We’ll start by loading two packages for assistance. The data.table
package gives us the wicked-fast fread()
function and stringr
makes working with strings a bit less messy.
library(data.table)
library(stringr)
First, we’ll read in a sample file (the infamous “phpbb” hack dump). The fread()
function performs just like the built-in read.delim()
function but operates much faster and produces a data.table
, which is an optimized data.frame
.
NOTE: there are some multi-byte characters towards the end of the list so make sure to convert the file to UTF-8 before trying this at home:
passwords <- fread("phpbb.txt")
setnames(passwords ,"V1", "orig") # decent label for the column
tot <- nrow(passwords) # we compute many ratios with this
So, it turns out
fread()
is not optimal for this use-case since (as the docs clearly state but I obviously ignored) that it will stop reading on the first blank line. The following is updated code (changes posted to github as well) for reading in the data file and converting it to adata.table
:
passwords <- data.table(orig=readLines(file("phbb.txt")))
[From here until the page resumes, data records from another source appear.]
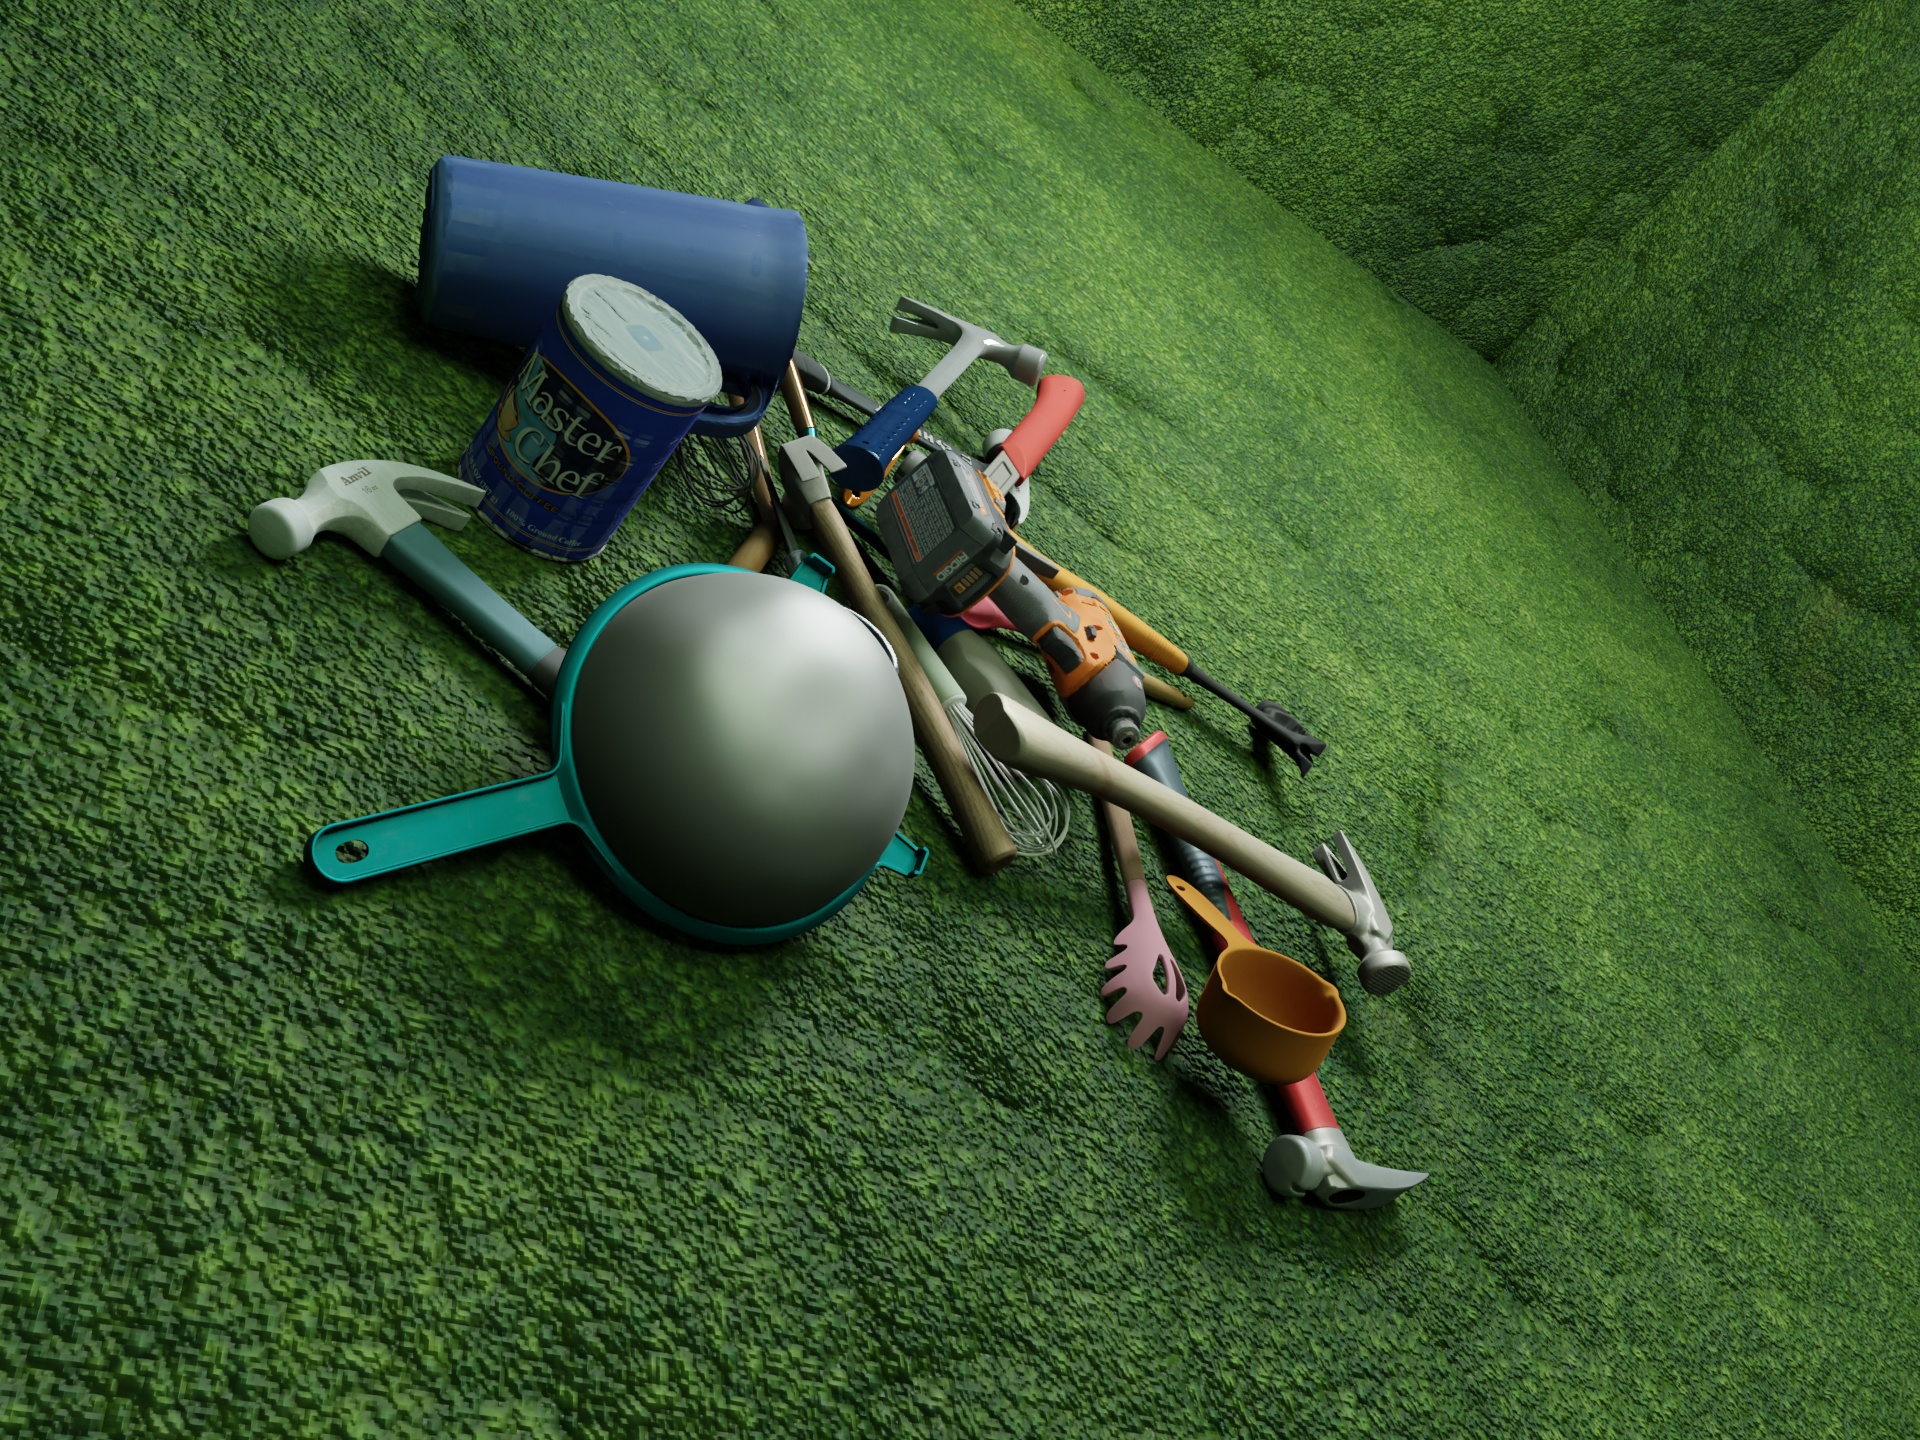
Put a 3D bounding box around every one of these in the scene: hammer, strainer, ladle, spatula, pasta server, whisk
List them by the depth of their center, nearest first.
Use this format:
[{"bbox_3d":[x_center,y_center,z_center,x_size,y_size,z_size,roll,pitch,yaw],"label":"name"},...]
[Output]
[{"bbox_3d":[-0.143,0.019,0.786,0.340,0.095,0.211,-16,86,-42],"label":"strainer"},{"bbox_3d":[-0.219,-0.022,0.871,0.331,0.033,0.128,42,31,-5],"label":"hammer"},{"bbox_3d":[-0.150,-0.078,1.016,0.051,0.047,0.245,37,27,-9],"label":"whisk"},{"bbox_3d":[-0.047,-0.049,1.067,0.031,0.130,0.331,-24,73,-12],"label":"hammer"},{"bbox_3d":[-0.002,-0.004,1.104,0.247,0.058,0.059,55,-10,25],"label":"whisk"},{"bbox_3d":[0.114,0.104,1.127,0.060,0.040,0.317,29,29,-25],"label":"pasta server"},{"bbox_3d":[0.168,0.070,1.135,0.410,0.038,0.146,29,31,-32],"label":"hammer"},{"bbox_3d":[-0.206,-0.237,1.148,0.055,0.055,0.239,6,42,-47],"label":"whisk"},{"bbox_3d":[0.209,0.166,1.149,0.143,0.038,0.387,19,38,-38],"label":"hammer"},{"bbox_3d":[-0.174,-0.275,1.212,0.059,0.018,0.316,7,55,-38],"label":"spatula"},{"bbox_3d":[-0.115,-0.246,1.228,0.082,0.044,0.318,44,25,-67],"label":"spatula"},{"bbox_3d":[-0.034,-0.267,1.291,0.144,0.035,0.406,24,29,2],"label":"hammer"},{"bbox_3d":[0.082,-0.063,1.293,0.315,0.031,0.069,22,41,-36],"label":"ladle"},{"bbox_3d":[-0.103,-0.271,1.322,0.408,0.036,0.149,24,36,-29],"label":"hammer"},{"bbox_3d":[0.165,-0.062,1.358,0.336,0.034,0.127,32,11,-15],"label":"hammer"},{"bbox_3d":[0.060,-0.227,1.383,0.149,0.036,0.359,38,32,-3],"label":"hammer"}]

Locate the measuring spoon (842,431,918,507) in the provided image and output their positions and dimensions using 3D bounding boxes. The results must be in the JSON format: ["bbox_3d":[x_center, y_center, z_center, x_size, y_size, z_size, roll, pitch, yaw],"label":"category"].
[{"bbox_3d":[-0.062,-0.207,1.274,0.021,0.011,0.117,44,50,-12],"label":"measuring spoon"}]

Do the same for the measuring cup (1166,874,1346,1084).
[{"bbox_3d":[0.176,0.169,1.043,0.095,0.052,0.174,5,27,-32],"label":"measuring cup"}]

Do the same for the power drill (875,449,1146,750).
[{"bbox_3d":[0.049,-0.075,1.136,0.226,0.084,0.164,39,19,-35],"label":"power drill"}]

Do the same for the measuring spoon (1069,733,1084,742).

We can get the “top 10” passwords pretty easily in R using the summary()
function on a factor()
(a function that creates a special enumerated reference type of a set of input values) created from the original passwords, but the phpbb
file was pre-uniq
‘d so it isn’t very interesting in this case:
top.10 <- factor(passwords$orig)
summary(top.10, maxsum=11)
## __rob_rao _1phpbb _7114461 _87698 _amber_
## 1 1 1 1 1
## _apr1l1a _babytje_ _bean _blubber_ _disablemenow_
## 1 1 1 1 1
## (Other)
## 184379
But, we want a tad nicer output, so we need to transform the data just a bit to build a data.frame
and also include the percentages:
top.10 <- as.data.frame(head(sort(table(passwords$orig), decreasing=TRUE),10))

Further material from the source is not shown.